Zhao Jiawei, Xie Lizhe, Gu Siqi, Qin Zihan, Zhang Yuning, Wang Zheng, Hu Yining
Southeast University, School of Cyber Science and Engineering, Nanjing, 210096, China.
Nanjing Medical University, Engineering Centre for Digital Medical Technology of Stomatology, Nanjing, 210029, China.
Sci Rep. 2025 Feb 12;15(1):5237. doi: 10.1038/s41598-025-89267-8.
Deep Neural Networks (DNNs) have been shown to be vulnerable to adversarial examples, significantly hindering the development of deep learning technologies in high-security domains. A key challenge is that current defense methods often lack universality, as they are effective only against certain types of adversarial attacks. This study addresses this challenge by focusing on analyzing adversarial examples through changes in model attention, and classifying attack algorithms into attention-shifting and attention-attenuation categories. Our main novelty lies in proposing two defense modules: the Feature Pyramid-based Attention Space-guided (FPAS) module to counter attention-shifting attacks, and the Attention-based Non-Local (ANL) module to mitigate attention-attenuation attacks. These modules enhance the model's defense capability with minimal intrusion into the original model. By integrating FPAS and ANL into the Wide-ResNet model within a boosting framework, we demonstrate their synergistic defense capability.
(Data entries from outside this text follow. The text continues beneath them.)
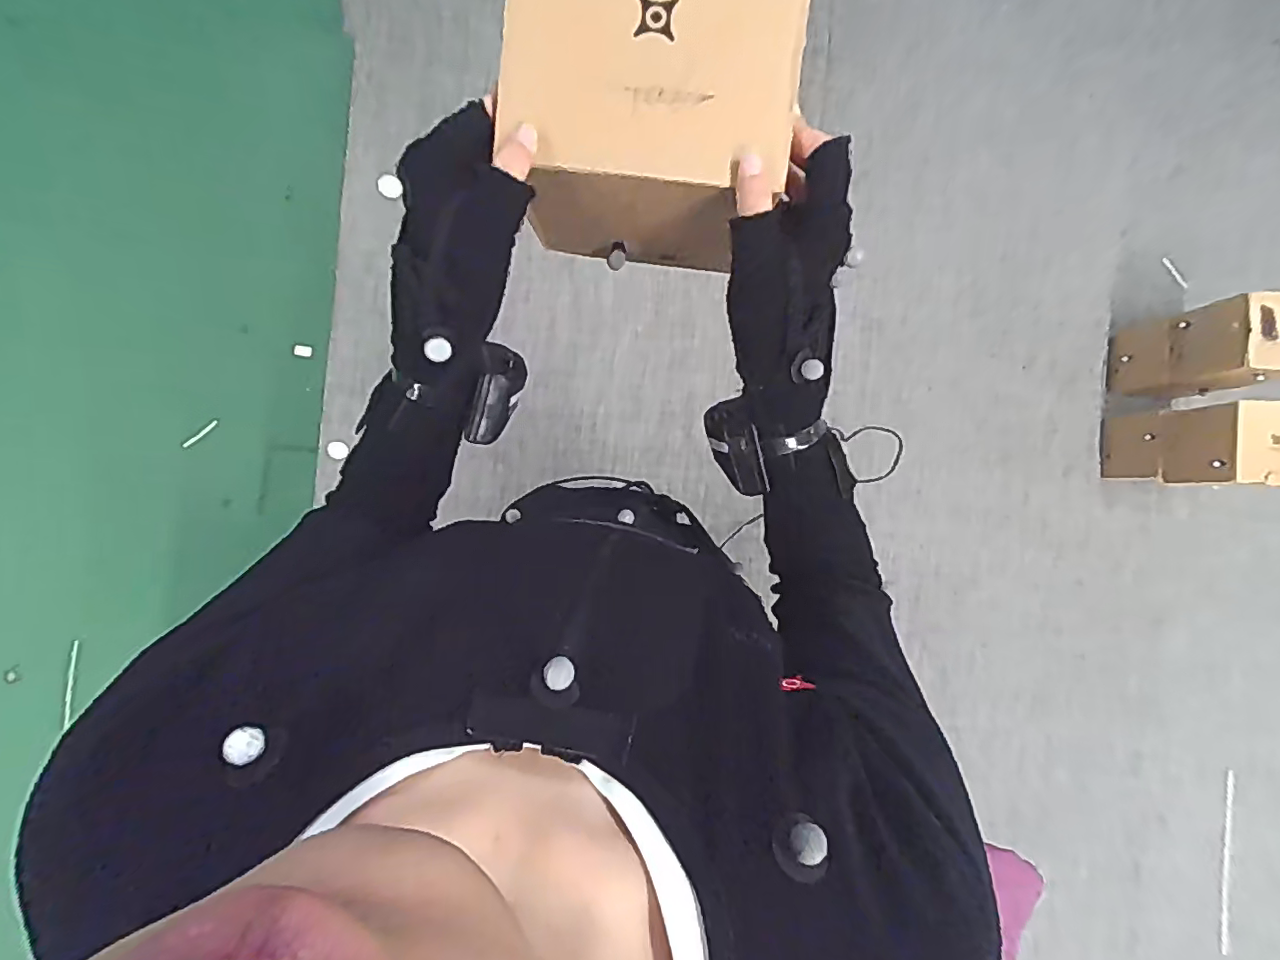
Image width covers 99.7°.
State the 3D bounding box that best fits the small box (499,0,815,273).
[{"bbox_3d":[0.010,-0.262,0.374,0.168,0.176,0.179,7,98,-2],"label":"small box"}]

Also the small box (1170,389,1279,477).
[{"bbox_3d":[1.327,-0.098,1.191,0.168,0.176,0.179,2,90,2],"label":"small box"}]

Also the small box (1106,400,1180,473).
[{"bbox_3d":[1.329,-0.103,1.354,0.179,0.176,0.168,3,89,1],"label":"small box"}]
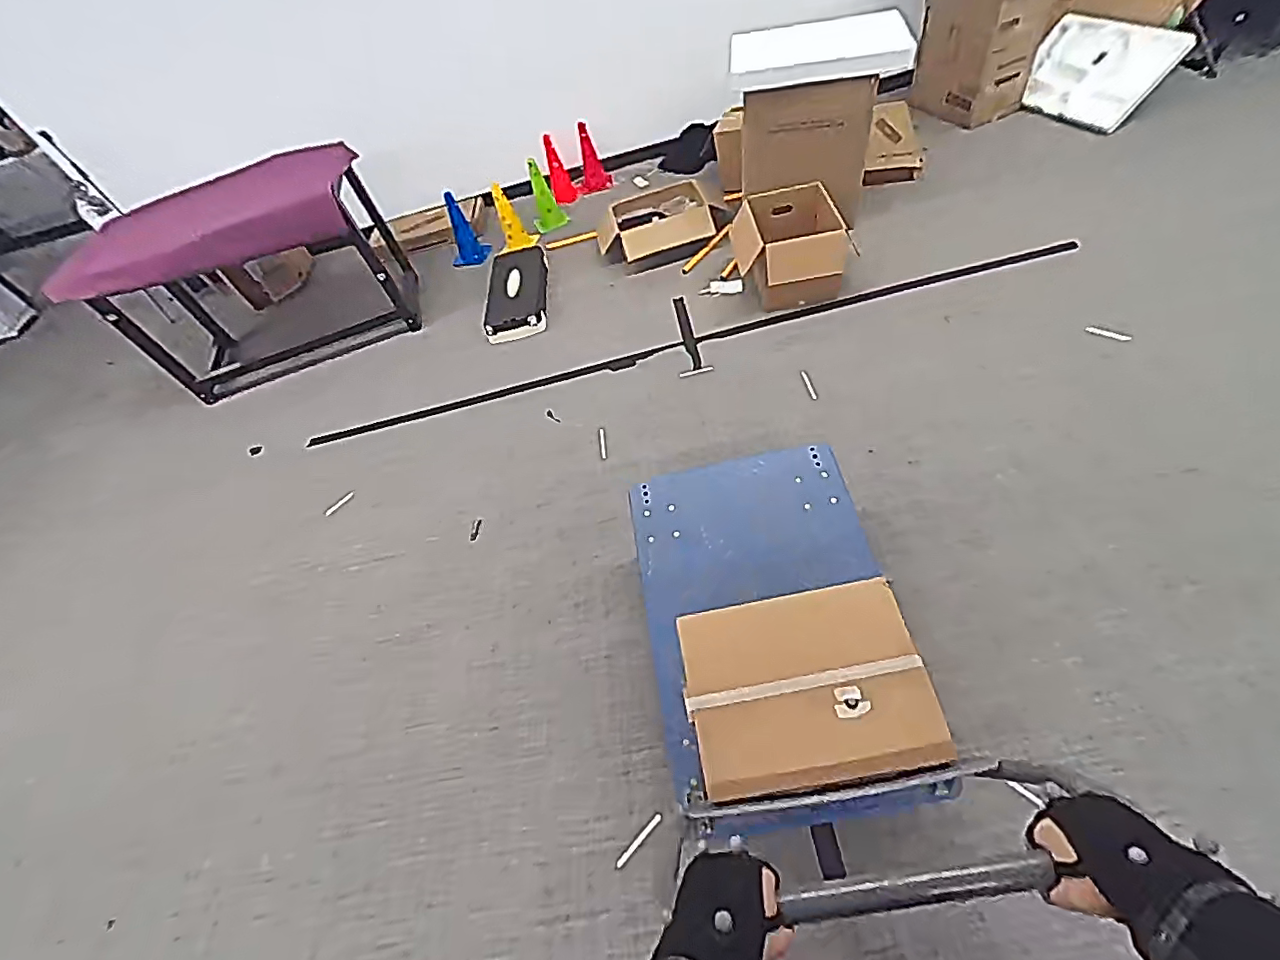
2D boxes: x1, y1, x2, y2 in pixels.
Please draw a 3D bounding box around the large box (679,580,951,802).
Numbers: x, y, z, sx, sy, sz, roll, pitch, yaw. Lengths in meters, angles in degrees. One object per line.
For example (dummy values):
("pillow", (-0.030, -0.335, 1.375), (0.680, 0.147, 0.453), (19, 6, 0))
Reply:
("large box", (0.313, 0.437, 1.089), (0.408, 0.320, 0.320), (-12, 59, 4))
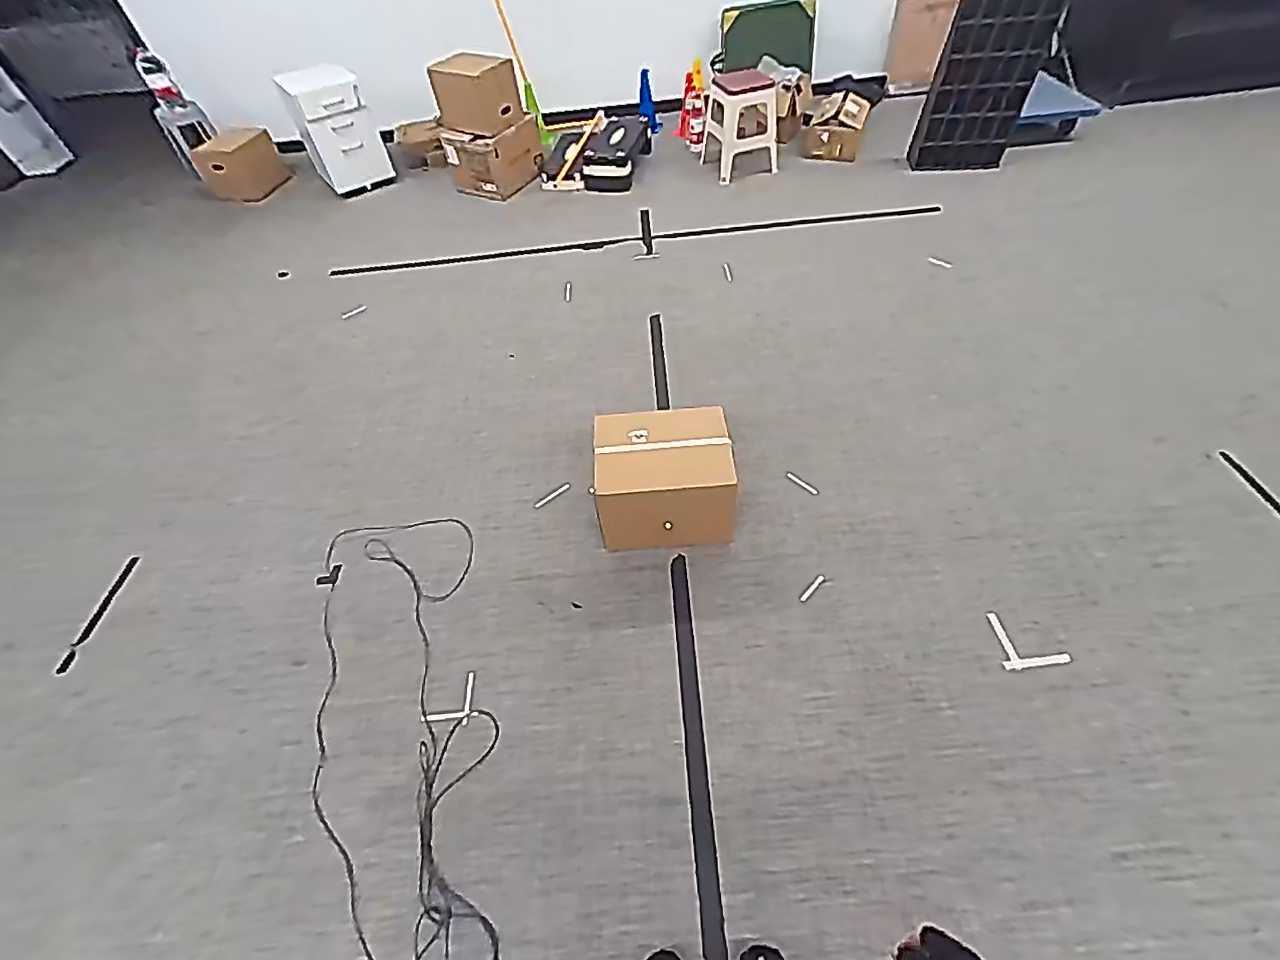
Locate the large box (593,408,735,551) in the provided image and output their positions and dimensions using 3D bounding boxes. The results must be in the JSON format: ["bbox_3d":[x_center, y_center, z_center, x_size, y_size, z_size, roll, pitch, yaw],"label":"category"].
[{"bbox_3d":[0.073,0.006,1.715,0.408,0.320,0.320,-5,51,2],"label":"large box"}]

Even when adversarial examples are embedded with patches, our models showed significant improvements over the baseline, enhancing the average defense rate by 5.47% and 7.74%, respectively. Extensive experiments confirm that this universal defense strategy offers comprehensive protection against adversarial attacks at a lower implementation cost compared to current mainstream defense methods, and is also adaptable for integration with existing defense strategies to further enhance adversarial robustness.
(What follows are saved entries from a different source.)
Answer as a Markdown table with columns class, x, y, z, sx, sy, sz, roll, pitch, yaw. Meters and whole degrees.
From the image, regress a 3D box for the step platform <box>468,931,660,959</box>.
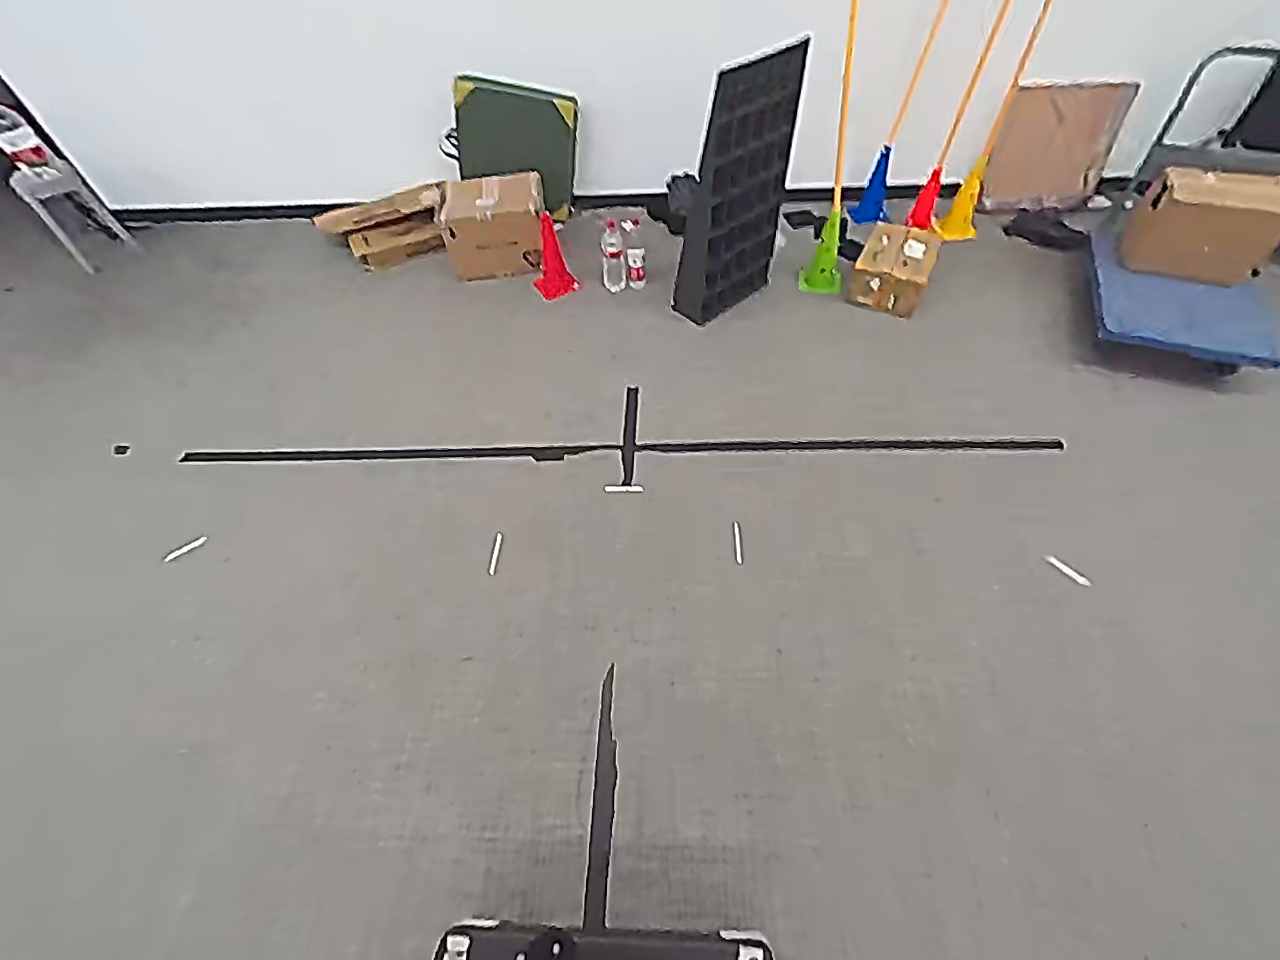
| class | x | y | z | sx | sy | sz | roll | pitch | yaw |
| --- | --- | --- | --- | --- | --- | --- | --- | --- | --- |
| step platform | -0.023 | 1.069 | 1.007 | 0.684 | 0.204 | 0.286 | 4 | 51 | 5 |
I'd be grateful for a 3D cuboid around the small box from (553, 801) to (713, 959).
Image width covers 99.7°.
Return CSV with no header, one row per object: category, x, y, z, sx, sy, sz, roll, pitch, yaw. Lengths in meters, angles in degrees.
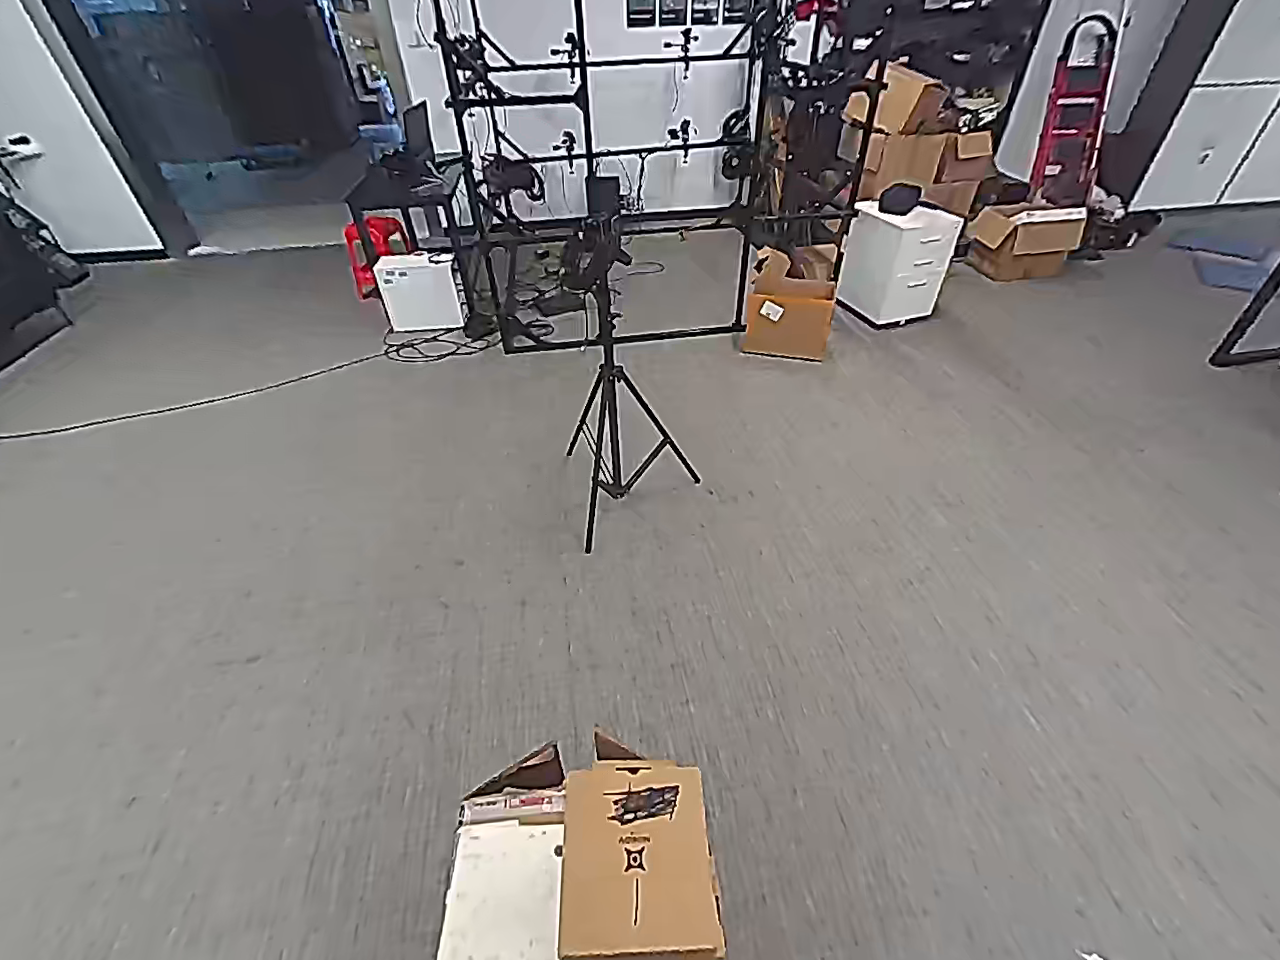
small box,-0.011,0.508,0.645,0.168,0.176,0.179,0,43,-2

深度神经网络(DNN)已被证明容易受到对抗样本的攻击,这严重阻碍了深度学习技术在高安全领域的发展。一个关键挑战是,当前的防御方法往往缺乏通用性,因为它们仅对某些类型的对抗攻击有效。本研究通过关注模型注意力变化来分析对抗样本,并将攻击算法分为注意力转移和注意力衰减两类,从而应对这一挑战。我们的主要创新点在于提出了两个防御模块:基于特征金字塔的注意力空间引导(FPAS)模块,用于对抗注意力转移攻击;以及基于注意力的非局部(ANL)模块,用于减轻注意力衰减攻击。这些模块以最小程度侵入原始模型的方式增强了模型的防御能力。通过在增强框架中将FPAS和ANL集成到宽残差网络(Wide-ResNet)模型中,我们展示了它们的协同防御能力。即使对抗样本嵌入了补丁,我们的模型相对于基线也有显著改进,平均防御率分别提高了5.47%和7.74%。大量实验证实,与当前主流防御方法相比,这种通用防御策略以较低的实现成本提供了针对对抗攻击的全面保护,并且还适用于与现有防御策略集成,以进一步增强对抗鲁棒性。